I think it’s important to know that Koh Tao does not have the most beautiful, clear water conditions for diving either. This is a misconception. Apparently it is the best island for diving simply because of it’s abundance of diving schools – not the conditions.

  • Western Coast

Phuket

Phuket is a huge island, home to some of the best beaches in Thailand. Phuket boasts the famous Phang Nga bay, known as James Bond island, a highly popular excursion among tourists. Here, you will find picture perfect scenes right out of the brochure; however this has also made it very touristy and it’s hard to escape the crowds and the tack from the resorts.

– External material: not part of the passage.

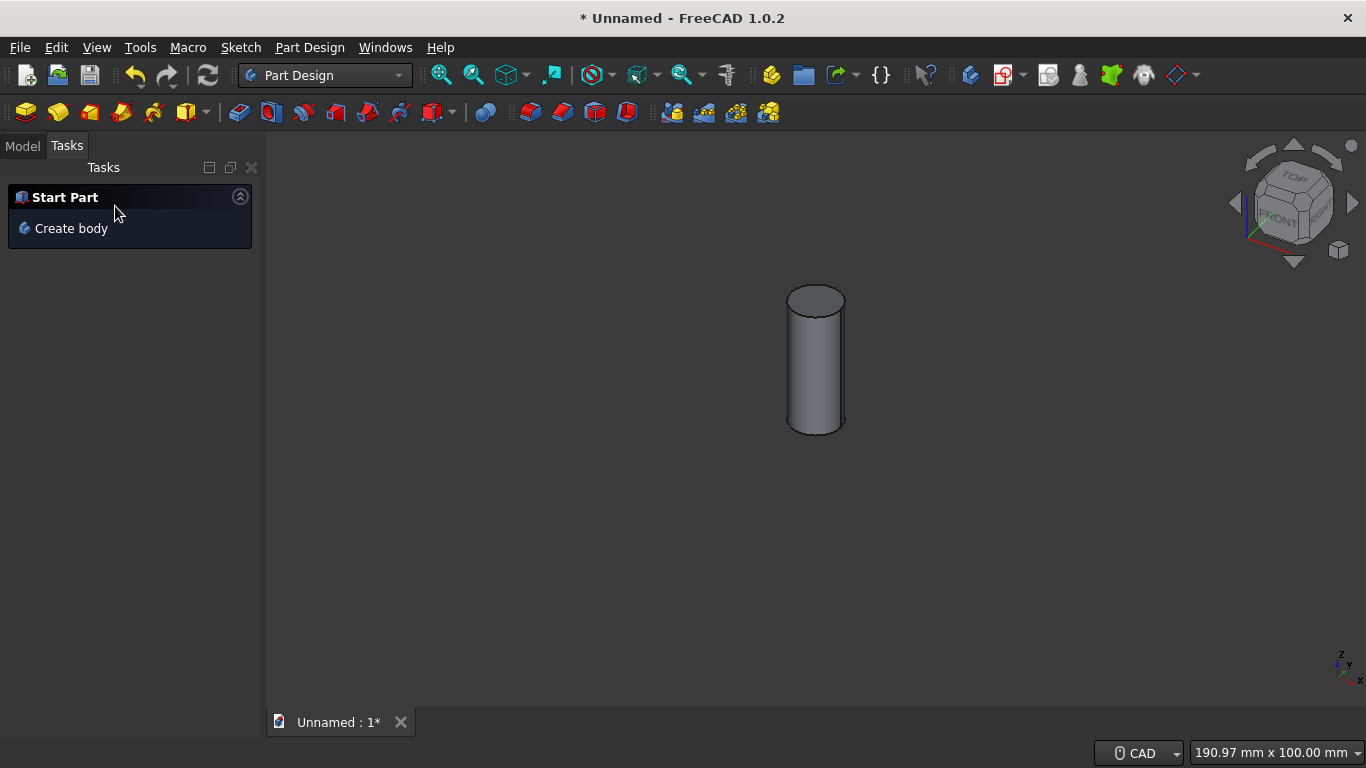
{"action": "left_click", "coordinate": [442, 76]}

If you don’t mind the crowds and tack – go for it; if you hate crowds and tack – track down the quieter areas of Phuket like Kata, you might still enjoy the powder white sand beaches. It’s a big island with decent roads, so it’s still possible to explore lesser known places by moped. You might have to sacrifice seclusion in Phuket, but you’ll get to see some of the most beautiful beaches in Thailand.

Phi Phi

I’m not going to lie: I haven’t been to Koh Phi Phi yet. But Koh Phi Phi is reputed to have the most beautiful beaches in Thailand. You don’t need to go there to recognize it’s famous scenes from movies like The Beach. So I hear, it’s recent fame in Hollywood movies has attracted heavy tourism which often spoils people’s experiences. I personally reckon that it would still be less touristy than Phuket but it’s best not to expect completely secluded and unspoilt beaches to avoid disappointment.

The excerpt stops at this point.